§ Task inputs:
........

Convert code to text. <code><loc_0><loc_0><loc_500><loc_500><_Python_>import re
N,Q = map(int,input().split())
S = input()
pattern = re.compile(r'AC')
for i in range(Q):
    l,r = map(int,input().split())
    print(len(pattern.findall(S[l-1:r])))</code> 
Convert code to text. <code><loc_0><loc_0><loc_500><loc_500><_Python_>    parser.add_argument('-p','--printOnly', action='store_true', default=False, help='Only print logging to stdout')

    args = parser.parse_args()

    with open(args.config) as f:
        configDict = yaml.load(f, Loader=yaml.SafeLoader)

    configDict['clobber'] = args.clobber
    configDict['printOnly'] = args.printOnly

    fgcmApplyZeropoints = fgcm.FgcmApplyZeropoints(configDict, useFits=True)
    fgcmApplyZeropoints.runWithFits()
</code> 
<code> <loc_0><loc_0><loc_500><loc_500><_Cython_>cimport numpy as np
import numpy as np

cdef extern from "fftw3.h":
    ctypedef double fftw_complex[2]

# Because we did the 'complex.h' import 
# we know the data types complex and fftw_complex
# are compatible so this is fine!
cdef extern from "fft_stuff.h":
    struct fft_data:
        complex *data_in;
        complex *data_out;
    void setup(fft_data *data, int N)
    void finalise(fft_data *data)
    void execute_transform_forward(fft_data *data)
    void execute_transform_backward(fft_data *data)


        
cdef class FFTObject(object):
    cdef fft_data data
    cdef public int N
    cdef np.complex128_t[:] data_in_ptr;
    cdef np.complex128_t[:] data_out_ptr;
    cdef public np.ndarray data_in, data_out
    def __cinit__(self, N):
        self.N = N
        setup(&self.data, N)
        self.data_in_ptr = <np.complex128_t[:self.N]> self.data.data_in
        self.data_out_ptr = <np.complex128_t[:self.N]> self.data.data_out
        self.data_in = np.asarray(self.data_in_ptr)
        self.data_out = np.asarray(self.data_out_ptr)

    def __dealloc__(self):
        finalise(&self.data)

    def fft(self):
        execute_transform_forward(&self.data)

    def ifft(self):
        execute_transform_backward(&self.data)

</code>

........

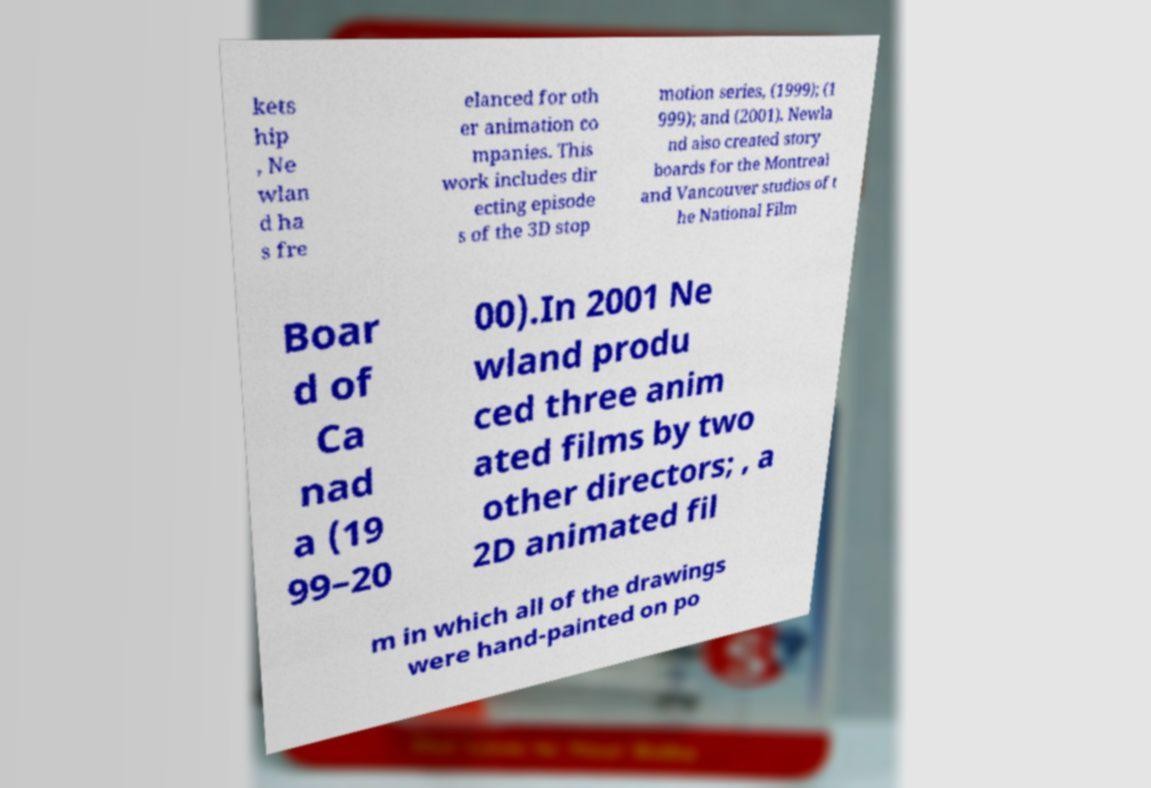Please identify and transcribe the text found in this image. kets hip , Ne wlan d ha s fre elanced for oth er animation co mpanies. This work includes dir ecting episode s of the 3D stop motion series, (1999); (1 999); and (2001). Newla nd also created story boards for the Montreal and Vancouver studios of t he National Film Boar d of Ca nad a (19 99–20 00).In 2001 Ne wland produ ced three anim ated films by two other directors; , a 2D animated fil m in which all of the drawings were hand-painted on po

........

The required answer is the run of lines above, starting at the line with "pattern = re.compile(r'AC')" and ending at the line with "# we know the", reproduced exactly with both ends.

§ Answer box:
pattern = re.compile(r'AC')
for i in range(Q):
    l,r = map(int,input().split())
    print(len(pattern.findall(S[l-1:r])))</code> 
Convert code to text. <code><loc_0><loc_0><loc_500><loc_500><_Python_>    parser.add_argument('-p','--printOnly', action='store_true', default=False, help='Only print logging to stdout')

    args = parser.parse_args()

    with open(args.config) as f:
        configDict = yaml.load(f, Loader=yaml.SafeLoader)

    configDict['clobber'] = args.clobber
    configDict['printOnly'] = args.printOnly

    fgcmApplyZeropoints = fgcm.FgcmApplyZeropoints(configDict, useFits=True)
    fgcmApplyZeropoints.runWithFits()
</code> 
<code> <loc_0><loc_0><loc_500><loc_500><_Cython_>cimport numpy as np
import numpy as np

cdef extern from "fftw3.h":
    ctypedef double fftw_complex[2]

# Because we did the 'complex.h' import 
# we know the data types complex and fftw_complex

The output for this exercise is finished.